● **WORK INSTRUCTION**:
What follows is data; output all of it exactly as given.

● **TASK DATA**:
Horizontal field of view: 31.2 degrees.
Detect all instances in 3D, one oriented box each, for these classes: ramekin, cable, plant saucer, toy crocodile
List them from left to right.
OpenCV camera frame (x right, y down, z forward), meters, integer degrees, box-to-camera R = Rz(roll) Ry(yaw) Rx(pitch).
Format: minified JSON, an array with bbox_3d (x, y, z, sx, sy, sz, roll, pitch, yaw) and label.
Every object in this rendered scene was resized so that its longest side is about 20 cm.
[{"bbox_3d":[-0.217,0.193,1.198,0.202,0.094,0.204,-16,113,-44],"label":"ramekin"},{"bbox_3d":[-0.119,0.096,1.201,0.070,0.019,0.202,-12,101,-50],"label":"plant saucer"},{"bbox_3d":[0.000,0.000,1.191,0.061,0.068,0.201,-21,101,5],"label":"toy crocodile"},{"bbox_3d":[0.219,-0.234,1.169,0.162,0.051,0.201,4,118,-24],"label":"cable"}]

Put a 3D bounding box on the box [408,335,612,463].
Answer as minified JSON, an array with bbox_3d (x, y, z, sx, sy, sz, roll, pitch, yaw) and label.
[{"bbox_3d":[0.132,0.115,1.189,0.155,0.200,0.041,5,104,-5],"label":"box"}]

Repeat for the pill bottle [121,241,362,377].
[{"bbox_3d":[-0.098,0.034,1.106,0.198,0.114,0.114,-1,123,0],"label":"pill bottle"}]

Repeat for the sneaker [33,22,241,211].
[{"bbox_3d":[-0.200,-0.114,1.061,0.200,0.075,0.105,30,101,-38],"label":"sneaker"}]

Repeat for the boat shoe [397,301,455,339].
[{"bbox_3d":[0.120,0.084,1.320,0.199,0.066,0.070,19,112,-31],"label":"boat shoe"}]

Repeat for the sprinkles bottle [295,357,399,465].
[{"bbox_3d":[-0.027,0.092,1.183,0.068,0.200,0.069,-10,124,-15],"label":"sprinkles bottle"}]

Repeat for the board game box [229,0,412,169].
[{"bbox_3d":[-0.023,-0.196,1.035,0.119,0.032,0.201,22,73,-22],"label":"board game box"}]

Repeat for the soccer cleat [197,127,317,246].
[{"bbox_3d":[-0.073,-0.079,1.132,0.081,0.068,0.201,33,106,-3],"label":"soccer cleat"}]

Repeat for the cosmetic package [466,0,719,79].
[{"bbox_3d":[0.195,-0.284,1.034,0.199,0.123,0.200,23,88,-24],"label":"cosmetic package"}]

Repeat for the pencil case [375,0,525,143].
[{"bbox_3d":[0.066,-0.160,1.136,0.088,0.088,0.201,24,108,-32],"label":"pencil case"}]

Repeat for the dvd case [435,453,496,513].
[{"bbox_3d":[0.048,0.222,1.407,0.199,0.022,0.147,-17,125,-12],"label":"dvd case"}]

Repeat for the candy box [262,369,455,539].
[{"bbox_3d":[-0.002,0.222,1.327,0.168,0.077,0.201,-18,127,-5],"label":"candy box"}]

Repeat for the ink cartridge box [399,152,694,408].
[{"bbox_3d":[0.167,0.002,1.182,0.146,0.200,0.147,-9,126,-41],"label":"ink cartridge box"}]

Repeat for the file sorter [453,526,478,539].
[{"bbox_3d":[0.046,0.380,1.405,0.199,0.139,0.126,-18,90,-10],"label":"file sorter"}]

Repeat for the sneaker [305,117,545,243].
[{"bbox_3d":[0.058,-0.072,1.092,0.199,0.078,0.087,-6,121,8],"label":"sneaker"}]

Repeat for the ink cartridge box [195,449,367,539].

● **EXERCISE RESPONSE**:
Horizontal field of view: 31.2 degrees.
Detect all instances in 3D, one oriented box each, for these classes: ramekin, cable, plant saucer, toy crocodile
List them from left to right.
OpenCV camera frame (x right, y down, z forward), meters, integer degrees, box-to-camera R = Rz(roll) Ry(yaw) Rx(pitch).
Format: minified JSON, an array with bbox_3d (x, y, z, sx, sy, sz, roll, pitch, yaw) and label.
Every object in this rendered scene was resized so that its longest side is about 20 cm.
[{"bbox_3d":[-0.217,0.193,1.198,0.202,0.094,0.204,-16,113,-44],"label":"ramekin"},{"bbox_3d":[-0.119,0.096,1.201,0.070,0.019,0.202,-12,101,-50],"label":"plant saucer"},{"bbox_3d":[0.000,0.000,1.191,0.061,0.068,0.201,-21,101,5],"label":"toy crocodile"},{"bbox_3d":[0.219,-0.234,1.169,0.162,0.051,0.201,4,118,-24],"label":"cable"}]

Put a 3D bounding box on the box [408,335,612,463].
Answer as minified JSON, an array with bbox_3d (x, y, z, sx, sy, sz, roll, pitch, yaw) and label.
[{"bbox_3d":[0.132,0.115,1.189,0.155,0.200,0.041,5,104,-5],"label":"box"}]

Repeat for the pill bottle [121,241,362,377].
[{"bbox_3d":[-0.098,0.034,1.106,0.198,0.114,0.114,-1,123,0],"label":"pill bottle"}]

Repeat for the sneaker [33,22,241,211].
[{"bbox_3d":[-0.200,-0.114,1.061,0.200,0.075,0.105,30,101,-38],"label":"sneaker"}]

Repeat for the boat shoe [397,301,455,339].
[{"bbox_3d":[0.120,0.084,1.320,0.199,0.066,0.070,19,112,-31],"label":"boat shoe"}]

Repeat for the sprinkles bottle [295,357,399,465].
[{"bbox_3d":[-0.027,0.092,1.183,0.068,0.200,0.069,-10,124,-15],"label":"sprinkles bottle"}]

Repeat for the board game box [229,0,412,169].
[{"bbox_3d":[-0.023,-0.196,1.035,0.119,0.032,0.201,22,73,-22],"label":"board game box"}]

Repeat for the soccer cleat [197,127,317,246].
[{"bbox_3d":[-0.073,-0.079,1.132,0.081,0.068,0.201,33,106,-3],"label":"soccer cleat"}]

Repeat for the cosmetic package [466,0,719,79].
[{"bbox_3d":[0.195,-0.284,1.034,0.199,0.123,0.200,23,88,-24],"label":"cosmetic package"}]

Repeat for the pencil case [375,0,525,143].
[{"bbox_3d":[0.066,-0.160,1.136,0.088,0.088,0.201,24,108,-32],"label":"pencil case"}]

Repeat for the dvd case [435,453,496,513].
[{"bbox_3d":[0.048,0.222,1.407,0.199,0.022,0.147,-17,125,-12],"label":"dvd case"}]

Repeat for the candy box [262,369,455,539].
[{"bbox_3d":[-0.002,0.222,1.327,0.168,0.077,0.201,-18,127,-5],"label":"candy box"}]

Repeat for the ink cartridge box [399,152,694,408].
[{"bbox_3d":[0.167,0.002,1.182,0.146,0.200,0.147,-9,126,-41],"label":"ink cartridge box"}]

Repeat for the file sorter [453,526,478,539].
[{"bbox_3d":[0.046,0.380,1.405,0.199,0.139,0.126,-18,90,-10],"label":"file sorter"}]

Repeat for the sneaker [305,117,545,243].
[{"bbox_3d":[0.058,-0.072,1.092,0.199,0.078,0.087,-6,121,8],"label":"sneaker"}]

Repeat for the ink cartridge box [195,449,367,539].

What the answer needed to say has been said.